### What to do
Using the line with "Locate the block" as your starting point, transcribe it and each line beneath it word for word until the records run out, without pictures.

*** Data for this exercise ***

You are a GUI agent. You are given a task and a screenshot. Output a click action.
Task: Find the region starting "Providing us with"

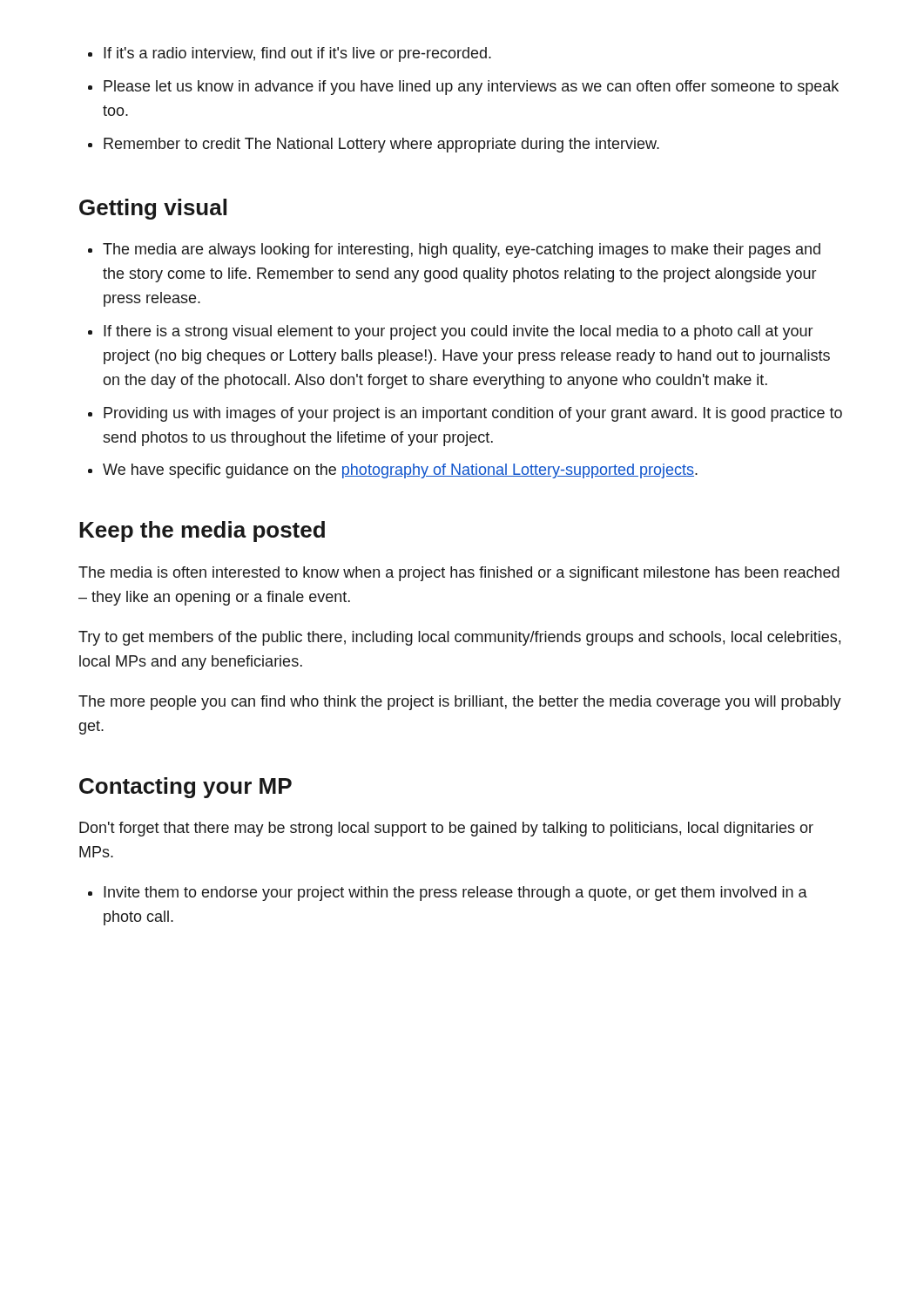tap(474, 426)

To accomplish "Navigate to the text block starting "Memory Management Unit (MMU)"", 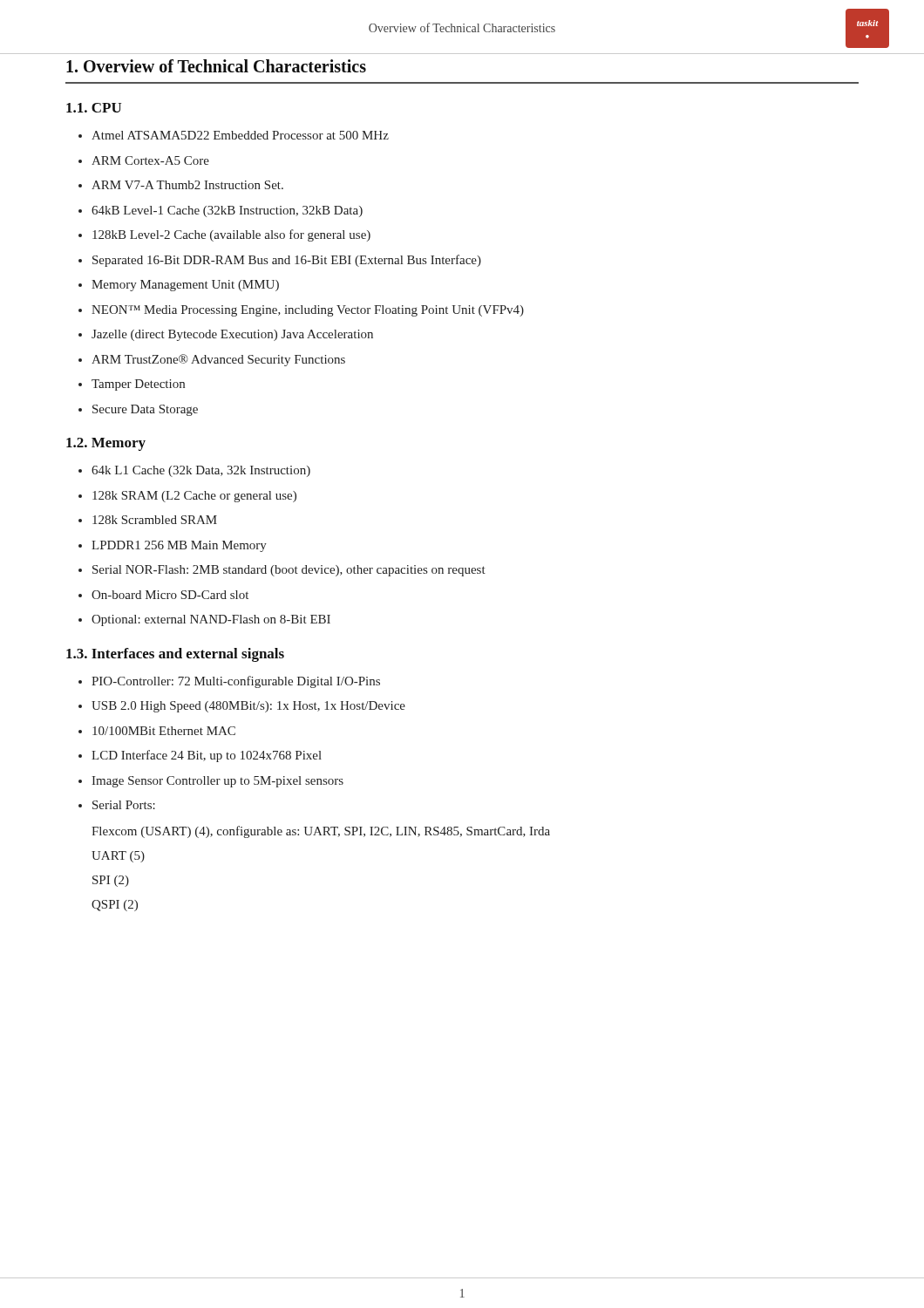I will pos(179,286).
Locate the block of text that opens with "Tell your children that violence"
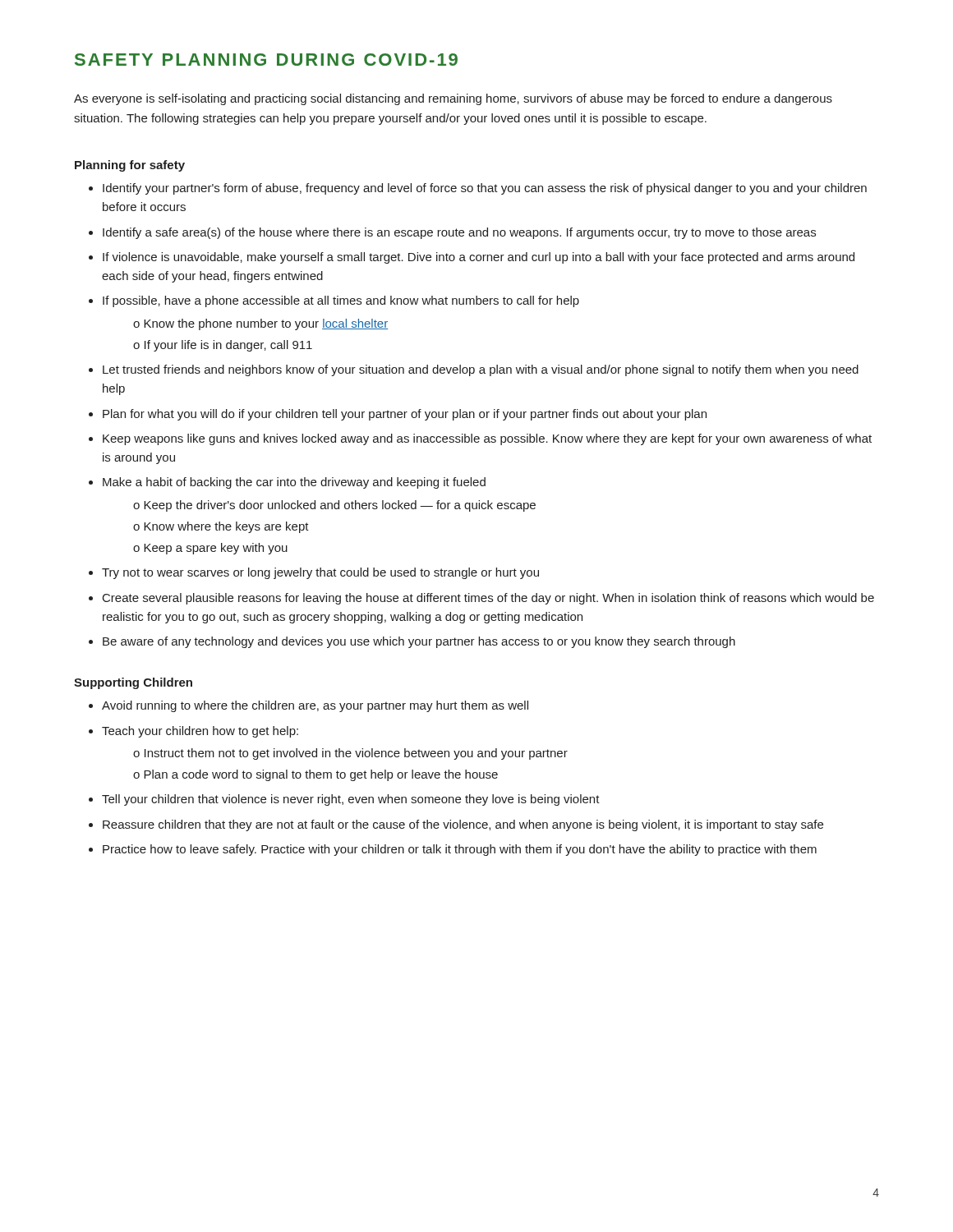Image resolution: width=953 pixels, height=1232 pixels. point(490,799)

***

### Task result
Locate the block of text that opens with "Tell your children that violence"
Image resolution: width=953 pixels, height=1232 pixels. point(490,799)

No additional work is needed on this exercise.